My birthday is coming up in less than three weeks, the 2nd one without Graham. My birthday always falls around mother’s day (another “wonderful” day for all of us). I’ve already told my boss I’m taking the day off. Then, a week later, will be the anniversary of his death. I’m going to take two days off for that. One week later will be my daughter’s wedding anniversary. Her wedding was exactly one year before Graham’s memorial service. May used to be my favorite month. Now i dread it….
Apr 29, 2014 @ 21:41:19
What did the vet say today??
Apr 29, 2014 @ 23:01:19
Thanks for asking about my pup. In addition to the problems we already knew about (infective endocarditis, damaged heart valves, enlarged heart…) he now also has atrial fibrillation and tachycardia. His heartbeat was over 220 at rest! So we’ve added two more drugs to his cocktail – digitalis and another drug. The digitalis can be toxic, there’s a fine line between therapeutic and deadly…so we’ll have to have his blood levels checked. We’re hoping that all these drugs (5 now) regulate his heart and keep him with us for a while longer. I think we should change his name to Grandpa Oscar, even though he’s only about 6 years old.
May 01, 2014 @ 22:01:05
Okay – you have something to work with. I hope he responds. You have enough to deal with this month. xoxoxoxo
Apr 26, 2014 @ 10:58:54
Talk about when it rains, it pours; it’s a wonder you can breathe.
I wonder if you know what a good soul you are. It makes me that much sadder to know you’re suffering this. You’ve helped me so much this last year – would I could do the same for you. I think of you often – you’re one of my “peeps,” as they say. And I’ll be thinking of you even more in the weeks to come.
So much love and gratitude to you….
Apr 26, 2014 @ 11:26:57
You’ve also helped me. I’m too much of a mess to actually write a blog, but I always read your posts (and identify with so much of what you write). I think of you and Philip and Natalie quite often.

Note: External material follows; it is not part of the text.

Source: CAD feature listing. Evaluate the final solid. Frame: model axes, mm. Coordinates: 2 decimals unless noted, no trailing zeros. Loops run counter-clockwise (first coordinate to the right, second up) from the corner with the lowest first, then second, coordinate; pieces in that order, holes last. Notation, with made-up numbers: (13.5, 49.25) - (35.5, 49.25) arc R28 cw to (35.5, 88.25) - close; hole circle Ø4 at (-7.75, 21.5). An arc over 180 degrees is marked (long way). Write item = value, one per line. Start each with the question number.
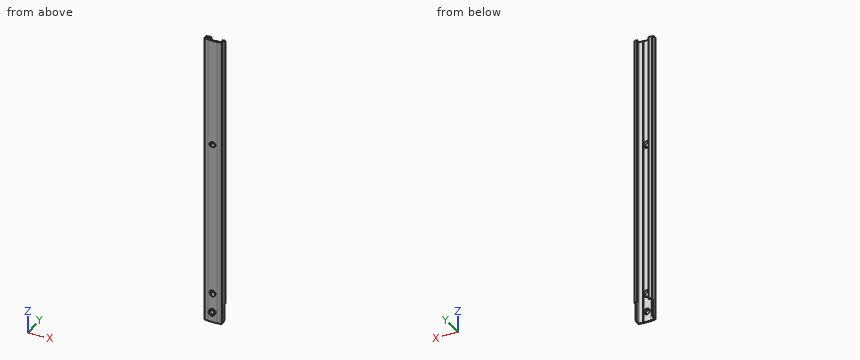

As far as the “when it rains it pours” reference, I should add that we adopted a homeless dog two months after Graham died. He was going to be our therapy dog and he’s been a wonderful loving companion. But a few months after completing all his heartworm treatments (immiticide shots for 3 months), we started noticing that he was always panting. He was ultimately diagnosed with infective endocarditis and we’ve been giving him many daily medications to keep him going this past year. Unfortunately his heart failure has progressed significantly and at this point we’re hoping to see a cardiologist on Monday and keeping our fingers crossed that there is another medicine that will help. My secret fear has been that he, too, will die in May.
Apr 26, 2014 @ 20:43:37
Okay. A breath at a time. May Monday bring you good news. I’ll check back with you to see how he’s doing – and praying for the best for you.
Apr 26, 2014 @ 14:37:02
However you can get through each day Denise, whatever it takes, you go for it. Don’t ever let anyone tell you HOW you should grieve or for how long. I know with all my heart if i lost my son, i don’t know how i could even have the strength to breath, or lift my body up with my own two legs. I’d want to die also but i know that’s not the answer or what my son or other loved ones would ever want to happen. I read your journal and even though i don’t know you, i feel your pain, your loss, your sadness for the son you lost. Mother to Mother, we all feel your pain and if we can be there for you, if even just to listen to what your heart has to say, then we will be there for you forever. All us strangers, reaching out through the internet to wrap our arms around you and give you a small sense of comfort that we are here listening. It’s unimaginable and so heart wrenching to think anyone has to endure such pain. I think of you often.I know you are an inspiration to anyone who has lost someone they love. If anything, today i wish that something, ever so small brings a smile to your face. Even if for one small second.
Apr 27, 2014 @ 11:33:59
You brought a smile – and tears, too, because you’ve so aptly described my need; to be listened to and cared for. And to help, because this is a mad, torturous thing to live with and I would want to offer what I’ve been given. As you help and comfort me, may I help and comfort, too.
And with much love and gratitude I say, Thank you.
Apr 28, 2014 @ 22:33:53
Bless you for sharing – seeing my own life in our words help me cope. I still have too many days where I don’t have the strength or motivation to write; I don’t know how you do it…
Apr 29, 2014 @ 21:50:02
You have the gift of humor – and when you’re ready to share it again, you will. Or you’ll share your sorrow. You can’t do anything but follow your grief. Don’t forget it’s over two years since Philip died. I think it’s five months or so for you? When Philip died, I quit my job. I stayed home, tucked into the corner of the couch, cried, knitted and watched hours and hours of TV series. I couldn’t write for over a year. Not even an email. After a while I worked one day a week. I went to therapy, I shopped for food. Other than that, I wouldn’t go out. That was my way of grieving – and you’ll grieve as you have to.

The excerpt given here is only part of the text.